To achieve the goal of finding profitable mobile apps, this project will focus on free apps that can generate revenue by displaying ads. Additionally, this notebook will utilize classes created to apply Object-Oriented Programming principles. The code for these classes is available [here](./FakePandas.py).


# Importing Libs

In [213]:
import FakePandas as fpd

# Auxiliar Functions

In [214]:
def count_wrong_user_ratings(dataset, column):
  column_values  = dataset.get_column(column)
  rows_to_delete = []

  dataset_user_rating_errors = 0
  
  for idx, value in enumerate(column_values):
    if float(value) < 1 or float(value) > 5:
      dataset_user_rating_errors += 1
    
  return dataset_user_rating_errors

In [215]:
def delete_wrong_user_ratings(dataset, column):
  column_values  = dataset.get_column(column)
  rows_to_delete = []

  for idx, value in enumerate(column_values):
    if float(value) < 1 or float(value) > 5:
      rows_to_delete.append(idx)

  for idx in sorted(rows_to_delete, reverse=True):
    dataset.delete_row(idx)

In [216]:
def delete_duplicates_by_app_name(dataset, column):
  column_values  = dataset.get_column(column)
  rows_to_delete = []
  unique_apps    = []

  for idx, value in enumerate(column_values):
    if value not in unique_apps:
      unique_apps.append(value)
    else:
      rows_to_delete.append(idx)

  for idx in sorted(rows_to_delete, reverse=True):
    dataset.delete_row(idx)

In [217]:
def is_english(string):
  non_ascii = 0
  
  for character in string:
    if ord(character) > 127:
      non_ascii += 1
  
  if non_ascii > 3:
    return False
  else:
    return True

In [218]:
def delete_non_english_apps(dataset, column):
  column_values  = dataset.get_column(column)
  rows_to_delete = []

  for idx, value in enumerate(column_values):
    if not is_english(value):
      rows_to_delete.append(idx)

  for idx in sorted(rows_to_delete, reverse=True):
    dataset.delete_row(idx)

# Data Aquisition

In [219]:
data_applestore = fpd.read_csv("../data/AppleStore.csv")
data_playstore  = fpd.read_csv("../data/googleplaystore.csv")

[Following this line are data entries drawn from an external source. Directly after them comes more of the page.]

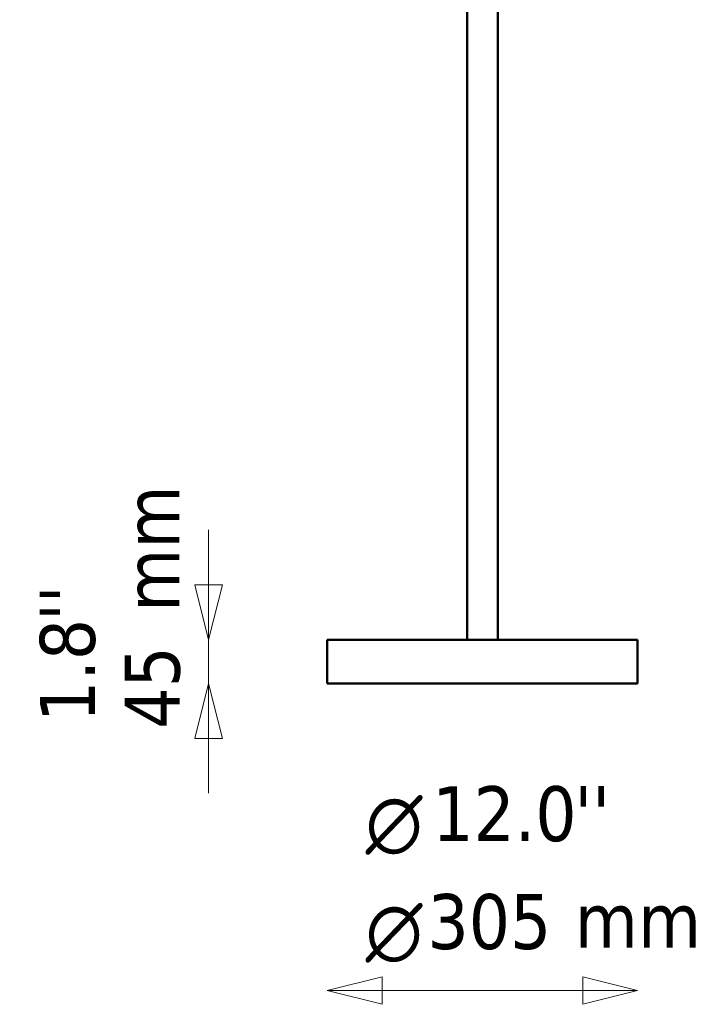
# Model space of a CAD drawing. Header units: millimetres. Extents: x 307 to 3704, y 278 to 4742.
# Tile 5 of 10: x 425 to 1101, y 2648 to 3616. Entities that reach past the tile are written whole.
import ezdxf

# ---------------------------------------------------------------- set-up
doc = ezdxf.new("R2010")
doc.units = ezdxf.units.MM
doc.header["$LTSCALE"] = 18
for name, color, linetype, lineweight in [('Symbol (ISO)', 7, 'Continuous', 25), ('Widoczne (ISO)', 7, 'Continuous', 50), ('Wymiar (ISO)', 7, 'Continuous', 25)]:
    doc.layers.add(name, color=color, linetype=linetype, lineweight=lineweight)
doc.styles.add('Styl tekstu27', font='AIGDT___.TTF')
doc.styles.add('Tekst notatki (ISO)', font='tahoma.ttf')

msp = doc.modelspace()

# ---------------------------------------------------------------- linework, layer by layer
at = {"layer": 'Widoczne (ISO)', "linetype": 'Continuous', "lineweight": 50}
for p, q in [((865.22, 3006.44), (865.22, 4036.44)), ((895.22, 3006.44), (895.22, 4036.44)), ((1032.72, 3006.44), (727.72, 3006.44)), ((727.72, 2963.44), (727.72, 3006.44)), ((1032.72, 2963.44), (1032.72, 3006.44)), ((727.72, 2963.44), (1032.72, 2963.44))]:
    msp.add_line(p, q, dxfattribs=at)
at = {"layer": 'Wymiar (ISO)', "lineweight": 18}
for p, q in [((611.13, 3060.44), (611.13, 3114.44)), ((597.63, 3060.44), (611.13, 3006.44)), ((624.63, 3060.44), (597.63, 3060.44)), ((611.13, 3060.44), (611.13, 3006.44)), ((611.13, 3006.44), (624.63, 3060.44)), ((611.13, 2963.44), (611.13, 3006.44)), ((611.13, 2963.44), (597.63, 2909.44)), ((611.13, 2909.44), (611.13, 2963.44)), ((624.63, 2909.44), (611.13, 2963.44)), ((597.63, 2909.44), (624.63, 2909.44)), ((611.13, 2909.44), (611.13, 2855.44)), ((781.72, 2674.97), (727.72, 2661.47)), ((781.72, 2647.97), (781.72, 2674.97)), ((1032.72, 2661.47), (978.72, 2674.97)), ((978.72, 2674.97), (978.72, 2647.97)), ((781.72, 2661.47), (727.72, 2661.47)), ((727.72, 2661.47), (781.72, 2647.97)), ((978.72, 2661.47), (781.72, 2661.47)), ((978.72, 2661.47), (1032.72, 2661.47)), ((978.72, 2647.97), (1032.72, 2661.47))]:
    msp.add_line(p, q, dxfattribs=at)
at = {"layer": 'Wymiar (ISO)', "lineweight": 18, "flags": 128}
for points in [[(597.63, 3060.44), (611.13, 3006.44), (624.63, 3060.44), (597.63, 3060.44)], [(624.63, 2909.44), (611.13, 2963.44), (597.63, 2909.44), (624.63, 2909.44)], [(781.72, 2674.97), (727.72, 2661.47), (781.72, 2647.97), (781.72, 2674.97)], [(978.72, 2647.97), (1032.72, 2661.47), (978.72, 2674.97), (978.72, 2647.97)]]:
    msp.add_lwpolyline(points, dxfattribs=at)
at = {"layer": 'Wymiar (ISO)'}
for points in [[(597.63, 3060.44), (611.13, 3006.44), (624.63, 3060.44), (597.63, 3060.44)], [(624.63, 2909.44), (611.13, 2963.44), (597.63, 2909.44), (624.63, 2909.44)], [(781.72, 2674.97), (727.72, 2661.47), (781.72, 2647.97), (781.72, 2674.97)], [(978.72, 2647.97), (1032.72, 2661.47), (978.72, 2674.97), (978.72, 2647.97)]]:
    msp.add_solid(points, dxfattribs=at)

# ---------------------------------------------------------------- texts
at = {"layer": 'Symbol (ISO)', "insert": (528.24, 3033.91), "char_height": 54, "width": 124.7164, "attachment_point": 1, "rotation": 90, "style": 'Tekst notatki (ISO)'}
msp.add_mtext('\\fTahoma|b0|i0;mm', dxfattribs=at)
at = {"layer": 'Symbol (ISO)', "insert": (970.99, 2757.52), "char_height": 54, "width": 124.7164, "attachment_point": 1, "style": 'Tekst notatki (ISO)'}
msp.add_mtext('\\fTahoma|b0|i0;mm', dxfattribs=at)
at = {"layer": 'Wymiar (ISO)', "char_height": 54, "attachment_point": 7, "rotation": 90, "style": 'Tekst notatki (ISO)'}
for s, insert in [("''", (499.11, 3024.8)), ('1.8', (500.33, 2925.58)), ('45', (583.69, 2918.93))]:
    msp.add_mtext(s, dxfattribs=dict(at, insert=insert))
at = {"layer": 'Wymiar (ISO)', "char_height": 54, "attachment_point": 7}
for s, insert, style in [('12.0', (830.86, 2807.38), 'Tekst notatki (ISO)'), ("''", (970.6, 2808.52), 'Tekst notatki (ISO)'), ('\\fAIGDT|b0|i0|p0;n', (765.38, 2794.97), 'Styl tekstu27'), ('305', (826.24, 2701.31), 'Tekst notatki (ISO)'), ('\\fAIGDT|b0|i0|p0;n', (765.38, 2688.9), 'Styl tekstu27')]:
    msp.add_mtext(s, dxfattribs=dict(at, insert=insert, style=style))

doc.saveas('drawing.dxf')

Let's see the first 5 apps in each dataset

In [220]:
data_applestore.head()

id: ['284882215', '389801252', '529479190', '420009108', '284035177']
track_name: ['Facebook', 'Instagram', 'Clash of Clans', 'Temple Run', 'Pandora - Music & Radio']
size_bytes: ['389879808', '113954816', '116476928', '65921024', '130242560']
currency: ['USD', 'USD', 'USD', 'USD', 'USD']
price: ['0.0', '0.0', '0.0', '0.0', '0.0']
rating_count_tot: ['2974676', '2161558', '2130805', '1724546', '1126879']
rating_count_ver: ['212', '1289', '579', '3842', '3594']
user_rating: ['3.5', '4.5', '4.5', '4.5', '4.0']
user_rating_ver: ['3.5', '4.0', '4.5', '4.0', '4.5']
ver: ['95.0', '10.23', '9.24.12', '1.6.2', '8.4.1']
cont_rating: ['4+', '12+', '9+', '9+', '12+']
prime_genre: ['Social Networking', 'Photo & Video', 'Games', 'Games', 'Music']
sup_devices.num: ['37', '37', '38', '40', '37']
ipadSc_urls.num: ['1', '0', '5', '5', '4']
lang.num: ['29', '29', '18', '1', '1']
vpp_lic: ['1', '1', '1', '1', '1']


In [221]:
data_playstore.head()

App: ['Photo Editor & Candy Camera & Grid & ScrapBook', 'Coloring book moana', 'U Launcher Lite – FREE Live Cool Themes, Hide Apps', 'Sketch - Draw & Paint', 'Pixel Draw - Number Art Coloring Book']
Category: ['ART_AND_DESIGN', 'ART_AND_DESIGN', 'ART_AND_DESIGN', 'ART_AND_DESIGN', 'ART_AND_DESIGN']
Rating: ['4.1', '3.9', '4.7', '4.5', '4.3']
Reviews: ['159', '967', '87510', '215644', '967']
Size: ['19M', '14M', '8.7M', '25M', '2.8M']
Installs: ['10,000+', '500,000+', '5,000,000+', '50,000,000+', '100,000+']
Type: ['Free', 'Free', 'Free', 'Free', 'Free']
Price: ['0', '0', '0', '0', '0']
Content Rating: ['Everyone', 'Everyone', 'Everyone', 'Teen', 'Everyone']
Genres: ['Art & Design', 'Art & Design;Pretend Play', 'Art & Design', 'Art & Design', 'Art & Design;Creativity']
Last Updated: ['January 7, 2018', 'January 15, 2018', 'August 1, 2018', 'June 8, 2018', 'June 20, 2018']
Current Ver: ['1.0.0', '2.0.0', '1.2.4', 'Varies with device', '1.1']
Android Ver: ['4.0.3 and up', '4.0.3 and up', 

# Deleting Data

## Wrong Value

The way the algorithm was built, lines with missing values ​​can already be removed in cases where the number of items in a line is not equal to the number of columns.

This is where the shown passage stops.